CUDA is a heterogeneous programming model that includes provisions for both CPU and GPU. The CUDA C/C++ programming interface consists of C language extensions so that you can target portions of source code for parallel execution on the device (GPU). It is based on industry-standard C/C++ and provides a library of C functions that can be executed on the host (CPU) so that it can interact with the device.
In CUDA, there are two processors that work with each other. The host is usually referred to as the CPU, while the device is usually referred to as the GPU. The host is responsible for calling the device functions. As we've already mentioned, part of the code that runs on the GPU is called device code, while the serial code that runs on the CPU is called host code.
Let's start by writing our first CUDA code in C. The intention is to take a systematic step-wise approach, start with some sequential code, and convert it into CUDA-aware code by adding some additional keywords.

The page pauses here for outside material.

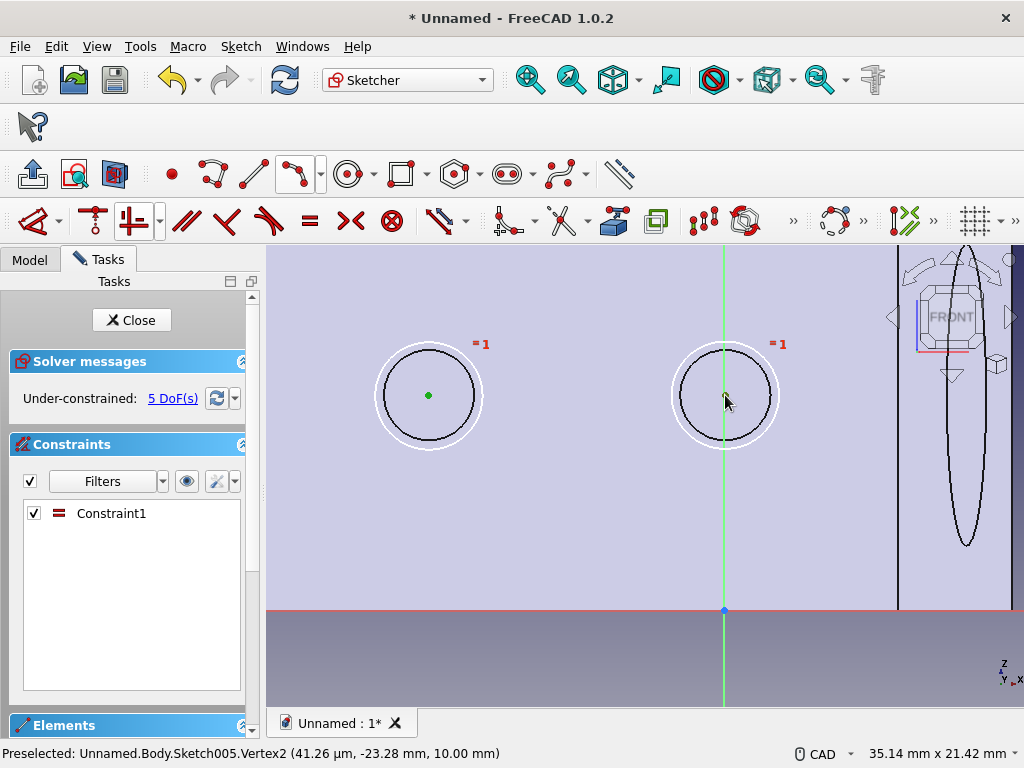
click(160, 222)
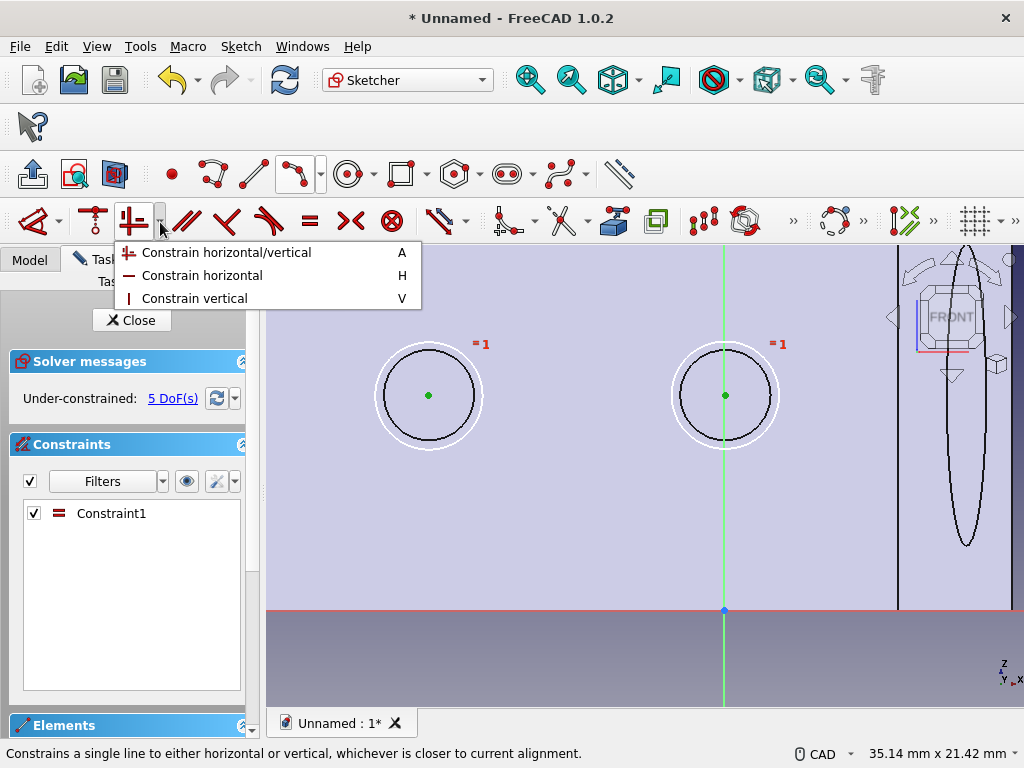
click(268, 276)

As we mentioned earlier, there is no necessity to learn a new language—all we need to do is add some keywords to the existing language so that we can run it in a heterogeneous environment with CPU and GPU.

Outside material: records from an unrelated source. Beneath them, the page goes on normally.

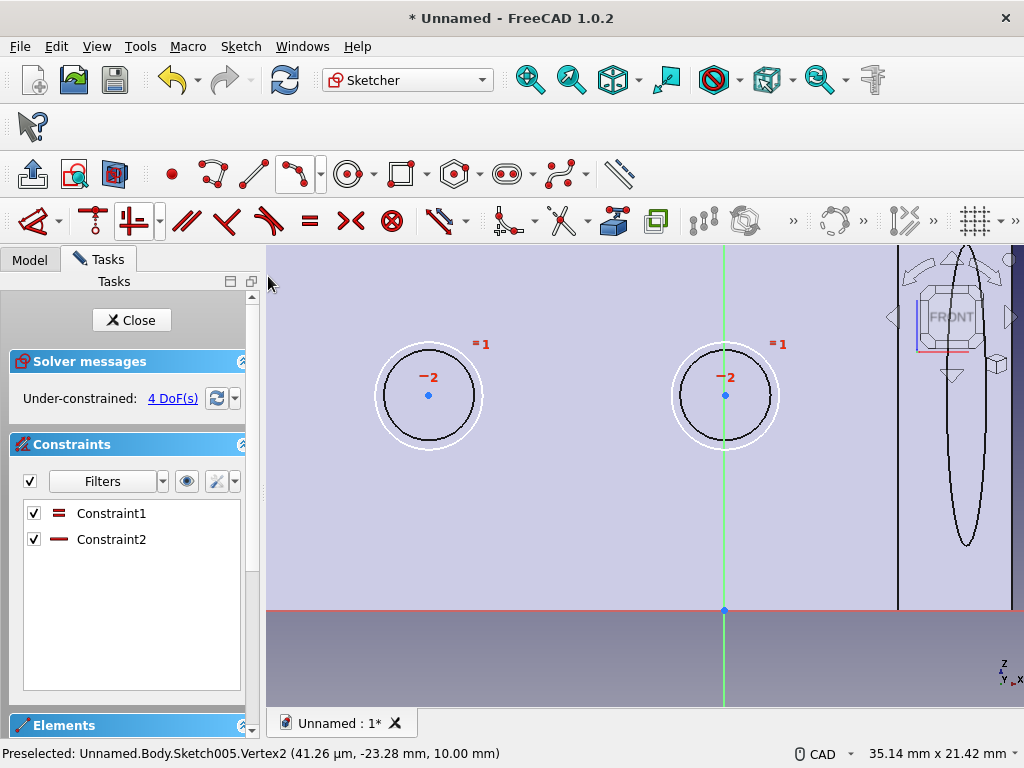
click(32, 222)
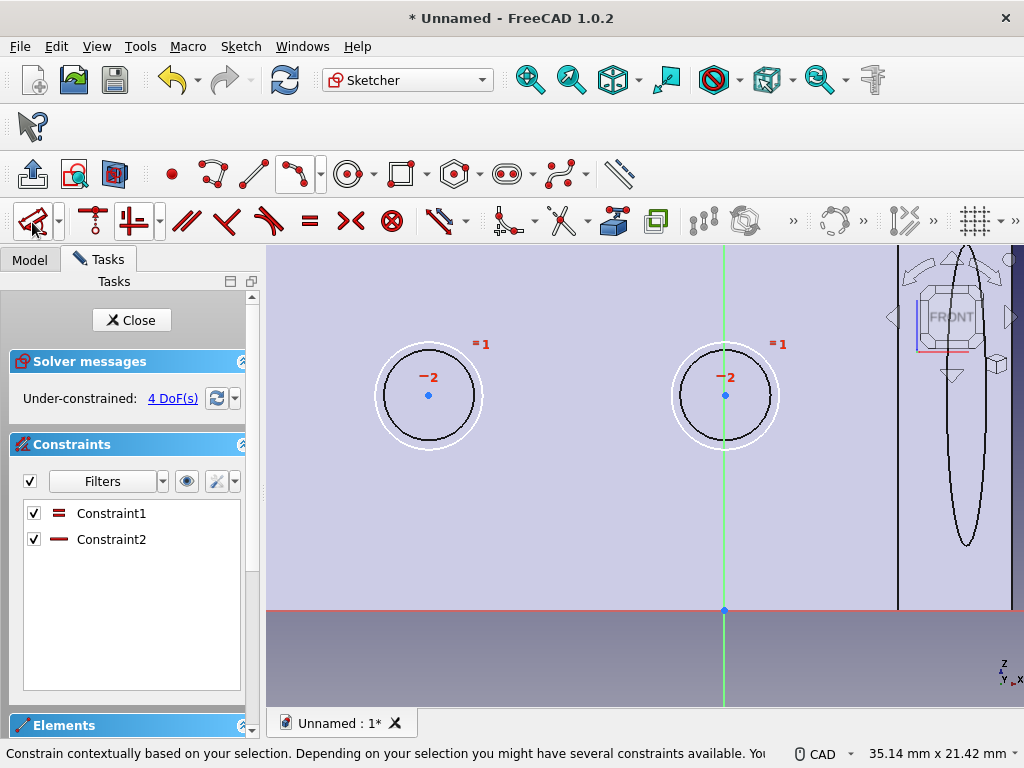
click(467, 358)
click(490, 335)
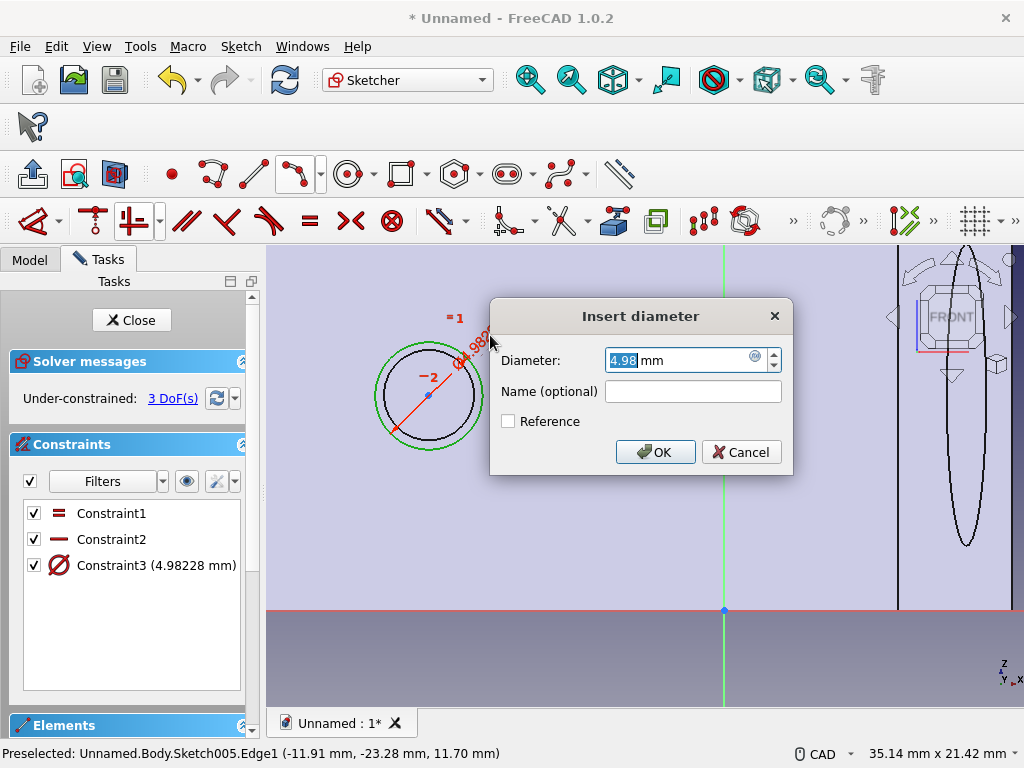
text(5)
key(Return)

Let's take a look at our first piece of code. All this code does is print Hello World! from both the host and device:
#include<stdio.h>
#include<stdlib.h>
__global__ void print_from_gpu(void) {
printf("Hello World! from thread [%d,%d] \
From device\n", threadIdx.x,blockIdx.x);
}
int main(void) {
printf("Hello World from host!\n");
print_from_gpu<<<1,1>>>();
cudaDeviceSynchronize();
return 0;
}
Let's try to compile and run the preceding snippet:
- Compile the code: Place the preceding code into a file called hello_world.cu and compile it using the NVIDIA C Compiler (nvcc). Note that the extension of the file is .cu, which tells the compiler that this file has GPU code inside it:
$ nvcc -o hello_world hello_world.cu
- Execute the GPU code: We should receive the following output after executing the GPU code:
By now, you might have already observed that the CUDA C code isn't used very differently and only requires that we learn some additional constructs to tell the compiler which function is GPU code and how to call a GPU function. It isn't like we need to learn a new language altogether.
In the preceding code, we added a few constructs and keywords, as follows:
- __global__: This keyword, when added before the function, tells the compiler that this is a function that will run on the device and not on the host. However, note that it is called by the host. Another important thing to note here is that the return type of the device function is always "void". Data-parallel portions of an algorithm are executed on the device as kernels.
- <<<,>>>: This keyword tells the compiler that this is a call to the device function and not the host function. Additionally, the 1,1 parameter basically dictates the number of threads to launch in the kernel. We will cover the parameters inside angle brackets later. For now, the 1,1 parameter basically means we are launching the kernel with only one thread, that is, sequential code with a thread since we are not doing anything important in the code apart from printing.
- threadIdx.x, blockIdx.x: This is a unique ID that's given to all threads. We will cover this topic more in the next section.
- cudaDeviceSynchronize(): All of the kernel calls in CUDA are asynchronous in nature. The host becomes free after calling the kernel and starts executing the next instruction afterward. This should come as no big surprise since this is a heterogeneous environment and hence both the host and device can run in parallel to make use of the types of processors that are available. In case the host needs to wait for the device to finish, APIs have been provided as part of CUDA programming that make the host code wait for the device function to finish. One such API is cudaDeviceSynchronize, which waits until all of the previous calls to the device have finished.